The ground and walls thrummed with activity beyond those doors—laughter and shouting and thumping footsteps. For the first time since she’d embarked on this quest, Winter felt a flutter of nervousness in her stomach.

Scarlet glanced at her. “It isn’t too late to go back.”

“I disagree.”

Sighing, Scarlet studied the screen. “Eleven packs, so around a hundred soldiers, give or take.”

Winter hummed, a sound without commitment. A hundred soldiers.

Animals, killers, predators, or so everyone claimed. Had she truly gone mad to think she could change them?

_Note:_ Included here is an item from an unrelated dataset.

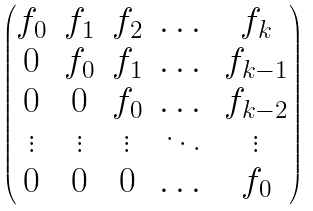Convert formula to latex. <formula><loc_0><loc_0><loc_500><loc_500>\begin{pmatrix} f _ { 0 } & f _ { 1 } & f _ { 2 } & \dots & f _ { k } \\ 0 & f _ { 0 } & f _ { 1 } & \dots & f _ { k - 1 } \\ 0 & 0 & f _ { 0 } & \dots & f _ { k - 2 } \\ \vdots & \vdots & \vdots & \ddots & \vdots \\ 0 & 0 & 0 & \dots & f _ { 0 } \end{pmatrix}</formula> 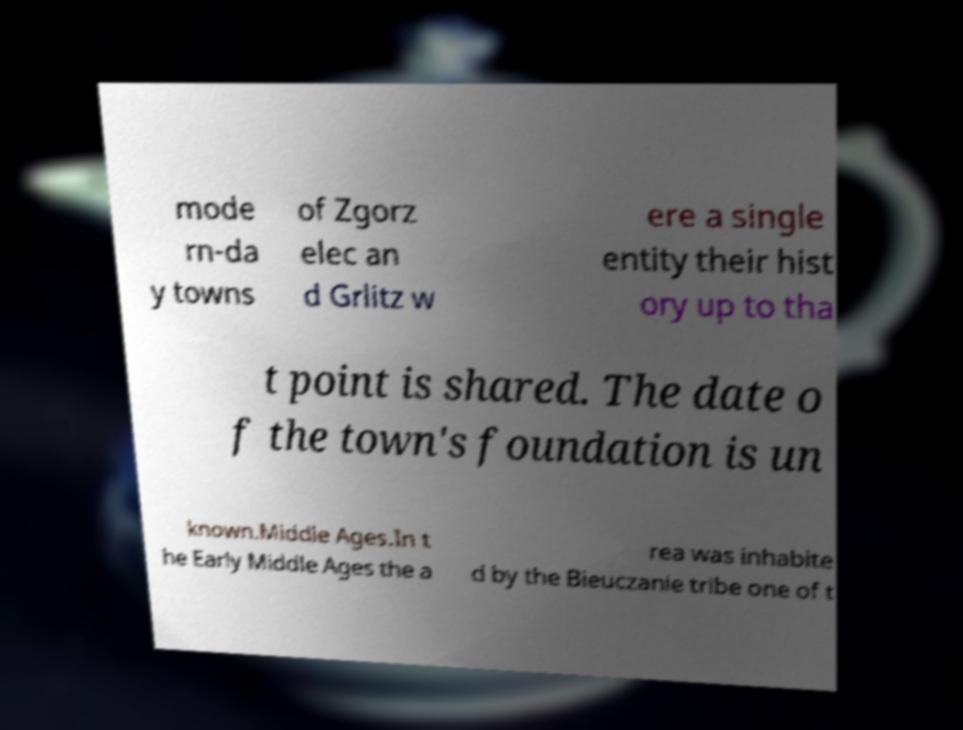What messages or text are displayed in this image? I need them in a readable, typed format. mode rn-da y towns of Zgorz elec an d Grlitz w ere a single entity their hist ory up to tha t point is shared. The date o f the town's foundation is un known.Middle Ages.In t he Early Middle Ages the a rea was inhabite d by the Bieuczanie tribe one of t

Her eyes began to mist, surprising her. She had not realized that thinking of her own imbalance would sadden her, but the feel of her ribs crushing against her heart was unmistakable.

“Why did you follow me?” she asked, staring at the solid doors. “Knowing what’s wrong with me. Knowing that I’m broken.”

Scarlet scoffed. “That is an excellent question.”

A loud thud was followed by hollers. The walls reverberated around them.

They had not been noticed. Scarlet was right. They could turn around and leave. Winter could admit she was delusional and no one should ever listen to her. She was adept only at making the wrong decisions.